Fifth entry in the series of posts in which we are compiling different terms in a glossary of footwear concepts (5) . Within our field, there are numerous terms that refer to important elements in the manufacture and design of shoes.
We continue with other concepts from the world of footwear arranged in alphabetical order.
Spliced cut
When assembling the shoe, the upper has been centered on the last and attached by gluing or stitching to the insole of the assembly, pending the placement of the sole.
Trimmed cuts
This refers to footwear that is already sewn and ready to be assembled on the last. Assembling the footwear by stitching, making pairs (right and left foot) is normally called "preparar".

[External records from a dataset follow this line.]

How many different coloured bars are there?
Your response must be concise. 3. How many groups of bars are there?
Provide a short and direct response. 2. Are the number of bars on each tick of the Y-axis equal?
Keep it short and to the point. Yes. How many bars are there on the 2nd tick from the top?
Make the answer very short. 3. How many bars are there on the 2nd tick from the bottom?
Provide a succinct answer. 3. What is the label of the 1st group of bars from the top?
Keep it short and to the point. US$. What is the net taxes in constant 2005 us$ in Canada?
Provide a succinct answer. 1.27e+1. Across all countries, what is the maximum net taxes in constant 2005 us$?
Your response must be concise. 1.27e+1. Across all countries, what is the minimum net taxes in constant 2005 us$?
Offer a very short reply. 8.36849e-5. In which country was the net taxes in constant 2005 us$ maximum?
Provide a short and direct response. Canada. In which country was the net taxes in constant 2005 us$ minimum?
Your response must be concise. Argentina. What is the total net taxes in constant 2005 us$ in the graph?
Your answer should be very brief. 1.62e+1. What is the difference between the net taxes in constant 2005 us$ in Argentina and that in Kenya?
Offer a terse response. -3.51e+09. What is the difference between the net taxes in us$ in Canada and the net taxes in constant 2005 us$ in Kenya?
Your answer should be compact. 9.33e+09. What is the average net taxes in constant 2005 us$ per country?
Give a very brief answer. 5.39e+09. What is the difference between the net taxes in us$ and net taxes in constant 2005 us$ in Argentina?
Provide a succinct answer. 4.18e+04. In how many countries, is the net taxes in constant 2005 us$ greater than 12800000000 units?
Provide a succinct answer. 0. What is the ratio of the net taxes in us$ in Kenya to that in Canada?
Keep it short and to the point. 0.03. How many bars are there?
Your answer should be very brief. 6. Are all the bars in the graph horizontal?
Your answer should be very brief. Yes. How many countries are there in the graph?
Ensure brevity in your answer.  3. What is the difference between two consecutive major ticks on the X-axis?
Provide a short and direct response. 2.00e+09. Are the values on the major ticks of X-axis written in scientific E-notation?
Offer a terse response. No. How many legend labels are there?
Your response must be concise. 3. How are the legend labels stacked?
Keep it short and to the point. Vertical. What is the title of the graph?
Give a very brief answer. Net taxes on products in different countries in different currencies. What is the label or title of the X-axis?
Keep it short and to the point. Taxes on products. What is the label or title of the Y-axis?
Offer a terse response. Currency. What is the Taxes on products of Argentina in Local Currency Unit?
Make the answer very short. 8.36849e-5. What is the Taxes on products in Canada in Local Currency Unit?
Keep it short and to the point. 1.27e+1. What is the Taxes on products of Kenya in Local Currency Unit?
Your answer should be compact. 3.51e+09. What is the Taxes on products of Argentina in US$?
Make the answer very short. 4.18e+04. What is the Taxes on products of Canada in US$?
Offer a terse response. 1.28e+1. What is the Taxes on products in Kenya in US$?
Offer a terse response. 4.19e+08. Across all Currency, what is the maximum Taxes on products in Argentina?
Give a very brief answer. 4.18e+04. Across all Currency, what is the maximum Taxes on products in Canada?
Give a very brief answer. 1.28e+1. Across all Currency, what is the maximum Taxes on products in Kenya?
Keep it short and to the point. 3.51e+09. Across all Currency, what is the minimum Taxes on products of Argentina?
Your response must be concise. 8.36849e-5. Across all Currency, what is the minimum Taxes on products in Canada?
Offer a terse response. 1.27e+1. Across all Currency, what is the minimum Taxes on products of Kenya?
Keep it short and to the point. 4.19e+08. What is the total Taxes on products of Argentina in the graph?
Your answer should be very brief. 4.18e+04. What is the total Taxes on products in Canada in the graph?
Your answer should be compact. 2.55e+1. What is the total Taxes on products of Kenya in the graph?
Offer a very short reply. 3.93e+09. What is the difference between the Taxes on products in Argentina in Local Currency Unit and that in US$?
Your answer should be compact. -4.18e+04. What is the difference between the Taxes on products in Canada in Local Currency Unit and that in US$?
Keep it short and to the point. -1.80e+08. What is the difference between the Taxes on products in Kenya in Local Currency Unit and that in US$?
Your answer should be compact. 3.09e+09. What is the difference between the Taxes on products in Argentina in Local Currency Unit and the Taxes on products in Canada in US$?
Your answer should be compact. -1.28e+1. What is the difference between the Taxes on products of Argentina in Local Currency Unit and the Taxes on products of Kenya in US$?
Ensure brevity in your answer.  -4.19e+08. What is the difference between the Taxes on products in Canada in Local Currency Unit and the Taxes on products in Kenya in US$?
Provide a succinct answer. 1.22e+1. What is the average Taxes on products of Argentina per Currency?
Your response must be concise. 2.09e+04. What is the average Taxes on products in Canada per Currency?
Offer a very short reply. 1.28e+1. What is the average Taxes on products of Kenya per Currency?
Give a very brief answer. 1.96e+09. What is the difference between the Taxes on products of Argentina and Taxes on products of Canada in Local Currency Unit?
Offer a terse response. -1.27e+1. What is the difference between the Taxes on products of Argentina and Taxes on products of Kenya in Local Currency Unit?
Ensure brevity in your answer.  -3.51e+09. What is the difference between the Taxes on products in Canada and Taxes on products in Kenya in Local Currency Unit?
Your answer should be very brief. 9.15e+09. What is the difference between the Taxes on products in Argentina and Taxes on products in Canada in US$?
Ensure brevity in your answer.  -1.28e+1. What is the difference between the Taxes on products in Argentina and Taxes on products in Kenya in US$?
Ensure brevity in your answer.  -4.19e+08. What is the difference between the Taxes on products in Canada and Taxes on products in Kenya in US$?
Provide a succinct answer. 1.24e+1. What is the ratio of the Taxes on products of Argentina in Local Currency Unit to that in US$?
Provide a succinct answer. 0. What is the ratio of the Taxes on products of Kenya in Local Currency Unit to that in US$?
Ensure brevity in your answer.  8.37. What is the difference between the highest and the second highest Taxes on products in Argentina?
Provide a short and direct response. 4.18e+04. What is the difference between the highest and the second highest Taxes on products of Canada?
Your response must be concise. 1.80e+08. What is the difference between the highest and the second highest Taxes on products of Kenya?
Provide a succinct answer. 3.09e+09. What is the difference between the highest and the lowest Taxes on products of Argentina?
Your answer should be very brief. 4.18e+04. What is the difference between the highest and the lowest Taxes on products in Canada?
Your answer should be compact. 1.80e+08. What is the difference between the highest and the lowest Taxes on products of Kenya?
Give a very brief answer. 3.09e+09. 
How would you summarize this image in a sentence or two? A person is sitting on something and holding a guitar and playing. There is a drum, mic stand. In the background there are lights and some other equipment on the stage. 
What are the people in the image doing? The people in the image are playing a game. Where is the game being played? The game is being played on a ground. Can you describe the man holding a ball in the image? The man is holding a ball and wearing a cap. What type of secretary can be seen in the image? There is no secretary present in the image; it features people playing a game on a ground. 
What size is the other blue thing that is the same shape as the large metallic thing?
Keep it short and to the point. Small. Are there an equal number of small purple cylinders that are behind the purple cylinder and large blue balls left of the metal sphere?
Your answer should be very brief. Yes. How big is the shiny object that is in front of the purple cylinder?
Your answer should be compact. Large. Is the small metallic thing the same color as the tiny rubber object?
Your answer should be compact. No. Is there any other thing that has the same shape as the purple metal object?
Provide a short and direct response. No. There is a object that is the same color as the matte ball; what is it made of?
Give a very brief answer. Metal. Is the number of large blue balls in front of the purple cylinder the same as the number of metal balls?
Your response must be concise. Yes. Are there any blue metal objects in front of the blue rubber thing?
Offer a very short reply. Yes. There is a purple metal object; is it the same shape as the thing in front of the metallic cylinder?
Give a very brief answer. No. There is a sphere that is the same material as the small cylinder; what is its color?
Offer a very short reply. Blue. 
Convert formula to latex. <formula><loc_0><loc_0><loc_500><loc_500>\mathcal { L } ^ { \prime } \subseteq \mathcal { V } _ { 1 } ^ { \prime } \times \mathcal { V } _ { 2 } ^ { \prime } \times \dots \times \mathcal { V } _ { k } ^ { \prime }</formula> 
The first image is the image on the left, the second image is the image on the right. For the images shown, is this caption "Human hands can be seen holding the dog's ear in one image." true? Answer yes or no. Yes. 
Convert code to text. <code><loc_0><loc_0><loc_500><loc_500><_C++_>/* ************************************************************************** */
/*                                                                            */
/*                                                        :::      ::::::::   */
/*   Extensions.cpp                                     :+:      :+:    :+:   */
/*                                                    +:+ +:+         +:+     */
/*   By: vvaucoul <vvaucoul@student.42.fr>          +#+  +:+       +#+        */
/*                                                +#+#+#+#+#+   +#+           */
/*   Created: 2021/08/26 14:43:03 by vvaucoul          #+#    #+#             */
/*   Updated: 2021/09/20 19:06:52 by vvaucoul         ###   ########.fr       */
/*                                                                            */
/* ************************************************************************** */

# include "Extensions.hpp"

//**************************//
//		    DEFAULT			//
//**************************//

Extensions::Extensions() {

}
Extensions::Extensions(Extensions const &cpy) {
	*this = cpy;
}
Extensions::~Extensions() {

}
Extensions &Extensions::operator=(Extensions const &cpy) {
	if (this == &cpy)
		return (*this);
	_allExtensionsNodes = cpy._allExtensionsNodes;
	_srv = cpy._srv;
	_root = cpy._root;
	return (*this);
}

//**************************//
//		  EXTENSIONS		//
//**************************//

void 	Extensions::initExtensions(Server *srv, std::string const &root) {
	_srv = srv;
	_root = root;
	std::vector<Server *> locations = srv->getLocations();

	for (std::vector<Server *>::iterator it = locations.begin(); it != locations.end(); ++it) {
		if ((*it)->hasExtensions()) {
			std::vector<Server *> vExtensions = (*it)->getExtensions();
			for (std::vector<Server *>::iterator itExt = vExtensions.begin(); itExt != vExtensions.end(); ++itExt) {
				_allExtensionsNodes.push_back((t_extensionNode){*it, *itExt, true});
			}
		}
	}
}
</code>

Stitching the sole split or groove
The bottom of the soles usually has one slit, or two if it is in the wall rather than the bottom. Once the shoe is assembled, a bent-arm machine, special for sewing thick materials, sews the rubber sole through all the layers that make up the shoe.
Reverse seam
This refers to a seam that has been made to join two pieces together, then turned inside out so that the seam is hidden. A reverse seam is most often found on the neckline of a shoe, or in areas where it meets the inner lining. This type of seam is also used to hide the edges of materials used. To make the seam finer, the edges are often rolled back to remove thickness from the material before it is sewn.
Crouponer
The butt is the most valued, robust and largest part of the cowhide. It is approximately 5 to 8 mm thick, water-resistant and temperature-resistant. This type of leather is widely used for soles and heels.
Cuban
Type of shoe manufacturing in which the sole is glued first and the heel is superimposed on it.